1

I have a 2d numpy array called my_data. Each row represents information about one data point and each column represents different attributes of that data point.

I have a function called processRow. It takes in a row, and does some processing on the info and returns the modified row. The length of the row returned by the function is longer than the row taken in by the function (the function basically expands some categorical data into one-hot vectors)

How can I have a numpy array where every row has been processed by this function?

I tried

answer = np.array([])
for row in my_data:
    answer = np.append(answer,processRow(row))

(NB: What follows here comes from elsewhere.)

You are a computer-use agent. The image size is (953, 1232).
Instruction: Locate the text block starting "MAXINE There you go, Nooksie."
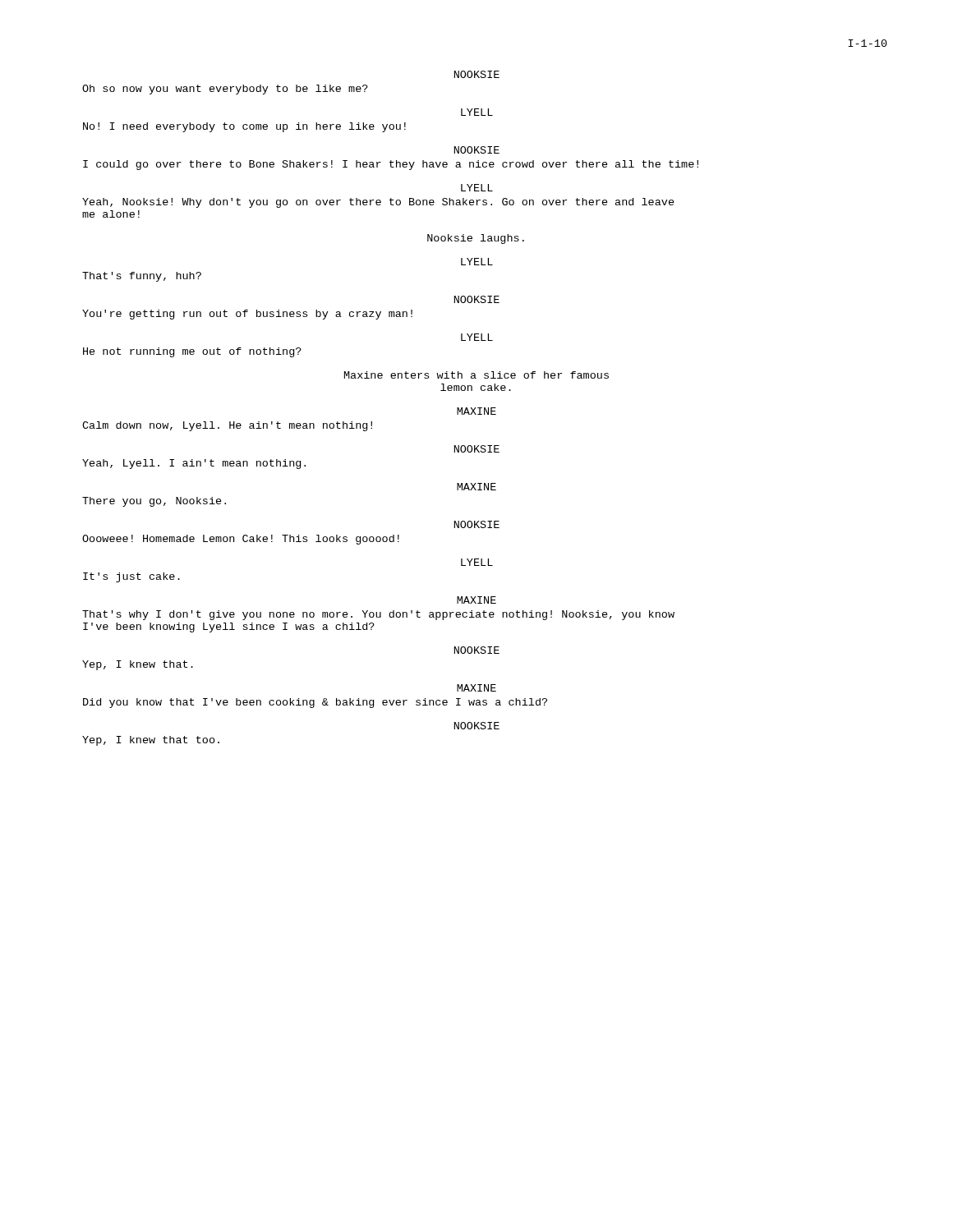point(476,494)

but at the end, the answer is just a single really long row rather than a 2d grid

quantumbutterfly
  • 1,815
  • 4
  • 23
  • 38

2 Answers2

2

You can use vstack rather since row has a different shape to answer. You also need to be explicit with the shape of answer:

In [11]: my_data = np.array([[1, 2], [3, 4]])
    ...: process_row = lambda x: x  # do nothing

In [12]: answer = np.empty((0, 2), dtype='int64')
    ...: for row in my_data:
    ...:     answer = np.vstack([answer, process_row(row)])
    ...:

In [13]: answer
Out[13]:
array([[ 1,  2],
       [ 3,  4]])

However, you're probably better off doing a list comprehension, and then passing it to numpy after:

In [21]: np.array([process_row(row) for row in my_data])
Out[21]:
array([[1, 2],
       [3, 4]])
Andy Hayden
  • 359,921
  • 101
  • 625
  • 535
  • You may want to do this in cython, or pandas, to be more performant, but it's unclear what the best strategy is without more information on process_row. – Andy Hayden May 06 '18 at 21:52
  • I tried this but it was way too slow. It ran for 10 minutes before I quit it. I think `answer = np.vstack([answer, process_row(row)])` takes linear time because it copies `answer` each time, making it take O(n^2) time overall. @Aklys 's solution runs much faster so I'm accepting his solution – quantumbutterfly May 06 '18 at 22:32
  • @quantumbutterfly yes, his answer is the same as the one at the end of mine "you're better of a list comprehension" ... only more verbose. – Andy Hayden May 06 '18 at 22:35
  • Oh whoops, overlooked that part. Sorry about that – quantumbutterfly May 06 '18 at 22:38
1

I'm not sure if I entirely got what you were after without seeing a sample of the data. But hopefully this helps you get to the result you want. I simplified the concept and just added one to each value in the row passed to the function and added the results together for a total (just to expand the size of the returned array). Of course you could adjust the processing to whatever you wanted.

def funky(x):
    temp = []
    for value in x:
        value += 1
        temp.append(value)
    temp.append(temp[0] + temp[1])
    return np.array(temp)

my_data = np.array([[1,1], [2,2]]) 

answer = np.apply_along_axis(funky, 1, my_data)
print("This is the original data:\n{}".format(my_data))
print("This is the adjusted data:\n{}".format(answer))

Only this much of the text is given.